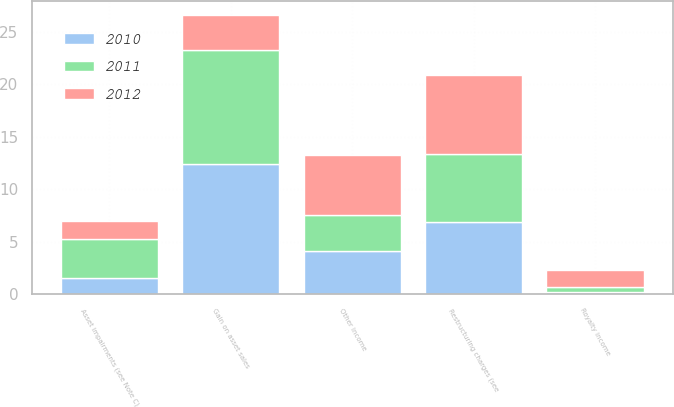Convert chart to OTSL. <chart><loc_0><loc_0><loc_500><loc_500><stacked_bar_chart><ecel><fcel>Gain on asset sales<fcel>Restructuring charges (see<fcel>Asset impairments (see Note C)<fcel>Royalty income<fcel>Other income<nl><fcel>2012<fcel>3.3<fcel>7.5<fcel>1.7<fcel>1.6<fcel>5.8<nl><fcel>2011<fcel>10.9<fcel>6.5<fcel>3.75<fcel>0.5<fcel>3.4<nl><fcel>2010<fcel>12.4<fcel>6.9<fcel>1.5<fcel>0.2<fcel>4.1<nl></chart> 
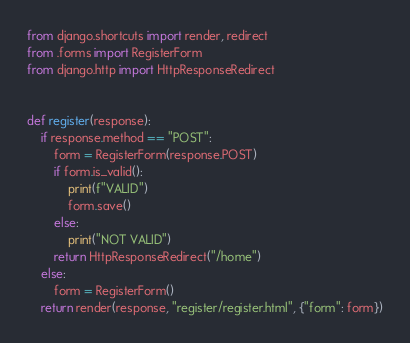Convert code to text. <code><loc_0><loc_0><loc_500><loc_500><_Python_>from django.shortcuts import render, redirect
from .forms import RegisterForm
from django.http import HttpResponseRedirect


def register(response):
    if response.method == "POST":
        form = RegisterForm(response.POST)
        if form.is_valid():
            print(f"VALID")
            form.save()
        else:
            print("NOT VALID")
        return HttpResponseRedirect("/home")
    else:
        form = RegisterForm()
    return render(response, "register/register.html", {"form": form})
</code>

[Exercise]:
All lines of the material above should be returned unchanged, but no pictures should be included.

[Answer to this task]:
Convert chart to OTSL. <chart><loc_0><loc_0><loc_500><loc_500><stacked_bar_chart><ecel><fcel>Gain on asset sales<fcel>Restructuring charges (see<fcel>Asset impairments (see Note C)<fcel>Royalty income<fcel>Other income<nl><fcel>2012<fcel>3.3<fcel>7.5<fcel>1.7<fcel>1.6<fcel>5.8<nl><fcel>2011<fcel>10.9<fcel>6.5<fcel>3.75<fcel>0.5<fcel>3.4<nl><fcel>2010<fcel>12.4<fcel>6.9<fcel>1.5<fcel>0.2<fcel>4.1<nl></chart> 
Convert code to text. <code><loc_0><loc_0><loc_500><loc_500><_Python_>from django.shortcuts import render, redirect
from .forms import RegisterForm
from django.http import HttpResponseRedirect


def register(response):
    if response.method == "POST":
        form = RegisterForm(response.POST)
        if form.is_valid():
            print(f"VALID")
            form.save()
        else:
            print("NOT VALID")
        return HttpResponseRedirect("/home")
    else:
        form = RegisterForm()
    return render(response, "register/register.html", {"form": form})
</code>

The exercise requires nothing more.